Enable passkeys for a single database connection: Enable passkeys for a maximum of one database connection.
Consider limitations for Organization users: Users cannot use passkeys when creating an account through an Organization invitation email. To allow these users to create passkeys, use an alternate method of user creation or ensure progressive enrollment is enabled.
Enable passkeys as an authentication method
You can enable passkeys as an authentication method for your database connection in the Auth0 Dashboard:
Go to Authentication > Database.
Select a connection.
Switch to the Authentication Methods view.
Enable the toggle on the Passkey card.
Currently, if you enable passkeys for a connection, you must also configure passwords as a backup authentication method. This ensures users can continue to access their accounts from browsers and older devices that may not yet support passkeys.
Configure your policy
You can configure the passkey policy for your database connection in the Auth0 Dashboard:
Go to Authentication > Database.
Select a connection.
Switch to the Authentication Methods view.
Select Configure on the Passkey card.
As passkeys already offer a more secure experience, users leveraging passkeys can choose to skip secondary verification challenges, such as CAPTCHA. Users authenticating with passwords or other traditional methods must continue to complete secondary verification when prompted.
Passkey Challenge
This setting determines how users can trigger passkey authentication during login and signup.
| Passkey authentication UI | Description |
|---|---|
| Autofill | Users must log in with their browser’s autofill feature to leverage passkeys. Autofill allows users to select a saved account from a dropdown menu when engaging with the login prompt. With autofill, users do not need to manually enter their credentials. |
| Passkey button | Users must select the Continue with a passkey button on the login prompt. |
| Both | Users can trigger passkey authentication using autofill or by selecting the Continue with a passkey button on the login prompt. |
Users can only use autofill if the functionality has been enabled in their browser settings. If autofill is not available, users can log in using the Passkey button or their traditional credentials.
Progressive Enrollment
Enabled by default, progressive enrollment prompts users to create a passkey (if they have not done so already) after logging in with their email and password. This step is not required and users can choose to delay this action every 30 days.
Progressive enrollment is useful when migrating users to a new passkey flow as it offers a more seamless transition between authentication methods.

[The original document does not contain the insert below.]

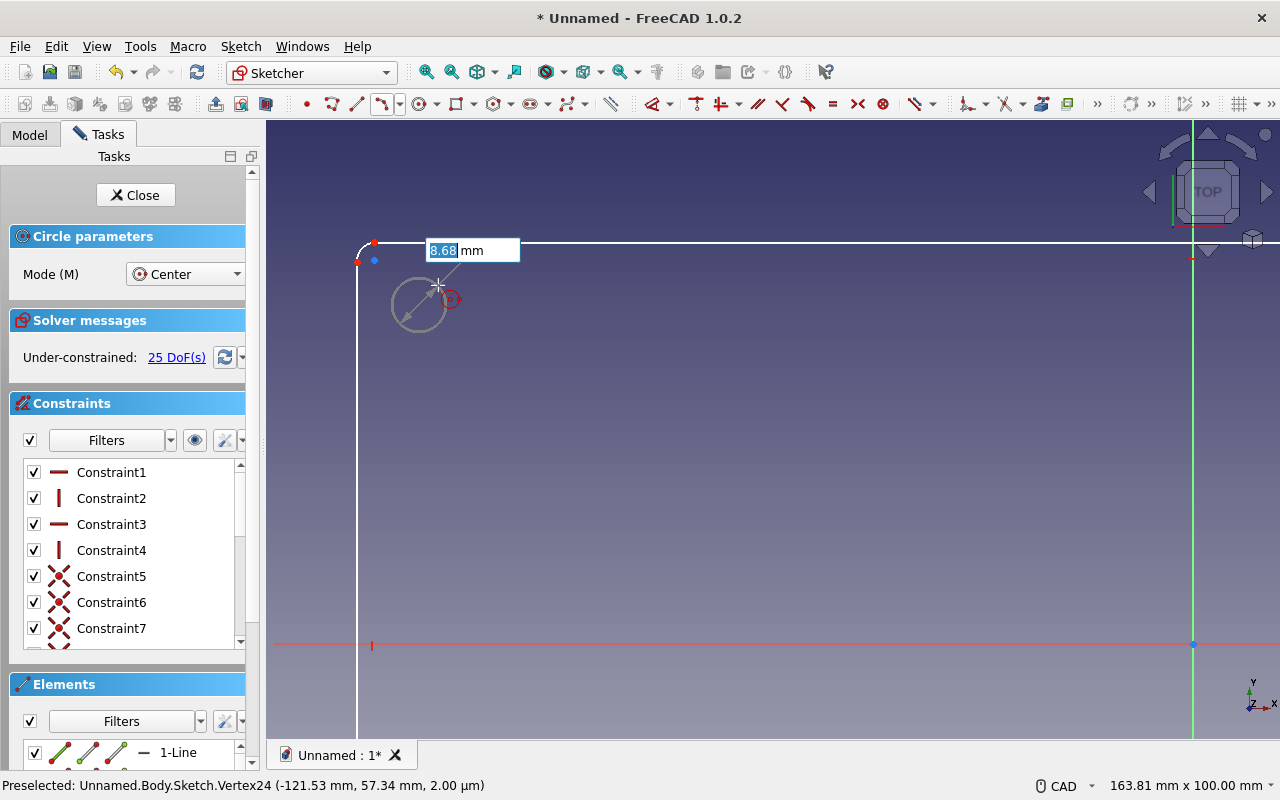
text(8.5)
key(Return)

When a user creates their passkey, it is added to their account as an authentication method. Their standard email or username and password remain valid and can be used to log in as needed. Passkeys do not replace or invalidate users’ standard credentials.
Local Enrollment
Enabled by default, local enrollment prompts existing users to create a local passkey when using a cross-device passkey to log in to a new device.
For example, existing passkey users can use a QR code to log in to a new device that is within physical proximity of a previously-enrolled device. If local enrollment is enabled in this scenario, the user is prompted to create a local passkey on the new device after they log in with the QR code. If desired, users can choose to skip this action.